SPECIFIC DESCRIPTION OF THE INVENTION

(23) The first possible single intermediate layer element 1 shown in FIGS. 1A to 1D may be the single elastic intermediate element 1 of an intermediate construction 2 of an exemplary rail-mounting assembly S (see FIG. 6) for fastening a rail 3 to a concrete sleeper 4 of a fixed substrate 5 of an unillustrated track bed in which the intermediate layer element 1, viewed across its cross-section 6 (see also FIG. 1B), has a variable elasticity distribution both in the longitudinal direction 7A of its longitudinal extension 8 and in the transverse direction 7B transverse to its longitudinal extension 8 (transverse extension).

(24) This intermediate layer element 1 sits directly under a foot 9 of the rail 3 and thus to a lower face 10 of the rail 3 (see also FIG. 6).
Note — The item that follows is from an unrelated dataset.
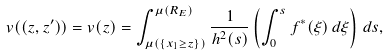Convert formula to latex. <formula><loc_0><loc_0><loc_500><loc_500>v ( ( z , z ^ { \prime } ) ) = v ( z ) = \int _ { \mu ( \{ x _ { 1 } \geq z \} ) } ^ { \mu ( R _ { E } ) } \frac { 1 } { h ^ { 2 } ( s ) } \left ( \int _ { 0 } ^ { s } f ^ { * } ( \xi ) \, d \xi \right ) \, d s ,</formula>

(25) The elastic intermediate layer element 1 has two zones of different elasticity, specifically a circular inner region 15 and a less elastically deformable outer region 16, and in corresponding embodiments of the intermediate layer element 1, this inner region 15 may alternatively also be elliptical or oval.

(26) The elastic circular inner region 15 extends concentrically about a center point 17 of the intermediate layer element 1 and in the intermediate layer element 1 it is fully offset from the peripheral sides or edges 18, 19, 20, and 21 of the intermediate layer element 1.

(27) As can be seen particularly well in FIGS. 1A and 1C, the less elastically deformable outer region 16 completely surrounds the elastic circular inner region 15.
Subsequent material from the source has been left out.